Keep Air and Light Out to Protect Potency

Moisture in the air slowly eats away at the stability of hydrates like this sodium salt. A desiccator, or at least a resealable plastic bag with silica gel, adds another bit of insurance. Opening the vial quickly and resealing it limits air exposure. Amber glass or foil wrap works best if you’re worried about the lab’s lights or accidental sunbeams hitting your chemical storage. Each of these steps feels small in the moment, but together they mean your antibiotic solution can be trusted hour after hour on the bench.

Expiration Dates Deserve Respect

Expired Cefsulodin Sodium Salt Hydrate does more than waste money; it invites error. Manufacturers stamp each bottle with a precise date figuring in recommended storage—but high humidity, a loose cap, or even frequent door-opening at the fridge all chip away at shelf life. Outdated antibiotics have saved nobody’s experiment. When in doubt, it pays to order fresh rather than risk unreliable data or unexpected contamination.

Building a Culture of Good Storage Habits

Colleagues and mentors shape how new lab workers view storage. Training a fresh researcher always means giving them the “why” before the “how”. Creating a shared logbook, inspecting labels once a month, and quizzing each other on storage protocols goes a lot further than taping instructions to the fridge door. That repetition—treating each reagent as valuable—means everyone gets better results over time.

Simple Steps Create Reliable Science

The way you store Cefsulodin Sodium Salt Hydrate shows respect for your work, your colleagues, and the time invested by everyone on a project.
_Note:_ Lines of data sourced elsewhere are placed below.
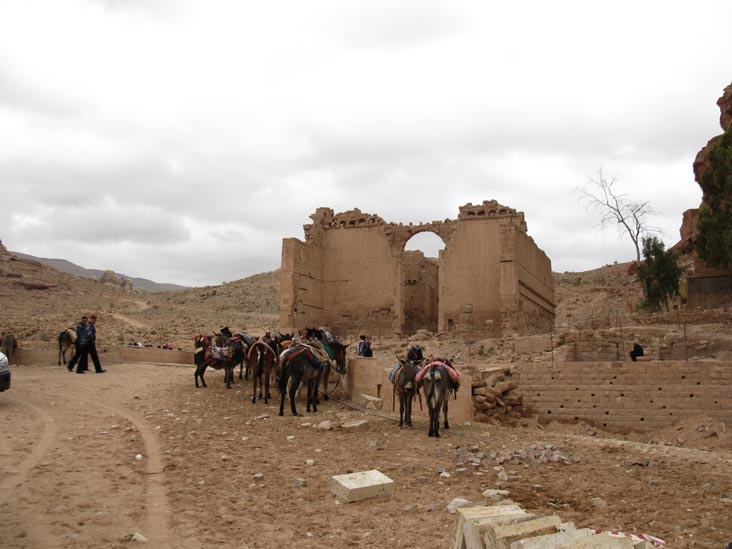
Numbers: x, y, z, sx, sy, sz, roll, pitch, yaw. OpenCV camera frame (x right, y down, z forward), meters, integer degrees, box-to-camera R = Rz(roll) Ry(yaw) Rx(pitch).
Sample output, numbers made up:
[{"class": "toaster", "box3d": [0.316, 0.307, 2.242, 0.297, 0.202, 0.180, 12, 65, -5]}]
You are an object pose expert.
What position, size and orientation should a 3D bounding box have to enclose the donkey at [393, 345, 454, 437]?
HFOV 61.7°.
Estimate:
[{"class": "donkey", "box3d": [1.435, 3.009, 15.065, 1.520, 2.066, 1.991, 0, 7, -4]}]
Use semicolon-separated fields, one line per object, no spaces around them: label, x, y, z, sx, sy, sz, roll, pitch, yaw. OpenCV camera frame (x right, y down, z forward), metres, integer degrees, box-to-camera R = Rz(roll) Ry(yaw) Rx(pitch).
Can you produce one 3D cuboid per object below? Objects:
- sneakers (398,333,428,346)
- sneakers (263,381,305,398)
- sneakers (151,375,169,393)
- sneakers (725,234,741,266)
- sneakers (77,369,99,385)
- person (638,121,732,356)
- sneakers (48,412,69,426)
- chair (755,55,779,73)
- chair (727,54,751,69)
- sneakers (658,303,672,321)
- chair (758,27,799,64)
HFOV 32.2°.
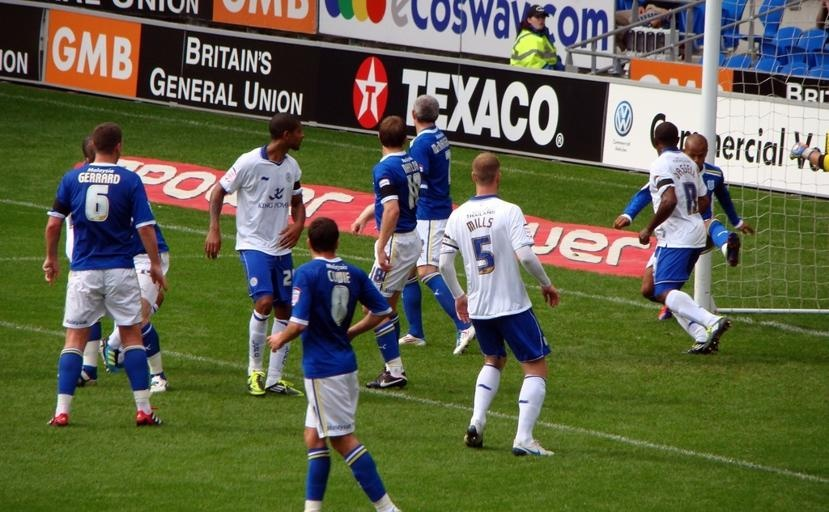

Careful storage isn’t fancy or mysterious, just the difference between research that moves science forward and data that sends you back to square one.

How should Cefsulodin Sodium Salt Hydrate be prepared for use?

Working with Cefsulodin in the Lab

Cefsulodin sodium salt hydrate plays a core role in selecting certain bacteria, especially in environmental and clinical microbiology labs. I remember the first time I used it during a research project targeting Pseudomonas aeruginosa. My mentor handed over the crystalline powder in a tiny vial and said, “Keep an eye on that scale—it’s unforgiving.” Accuracy makes all the difference.

Getting the Measurement Right

Cefsulodin comes as a white to off-white powder and doesn’t clump easily, making it easy to weigh out using a precision balance. I usually work in milligram quantities for media preparation—0.01 grams to 1 gram for liter-scale solutions. The solid dissolves well, but to make sure I don’t end up short-changing the experiment, I dissolve it slowly while swirling the flask instead of dumping it straight into fast-stirring water.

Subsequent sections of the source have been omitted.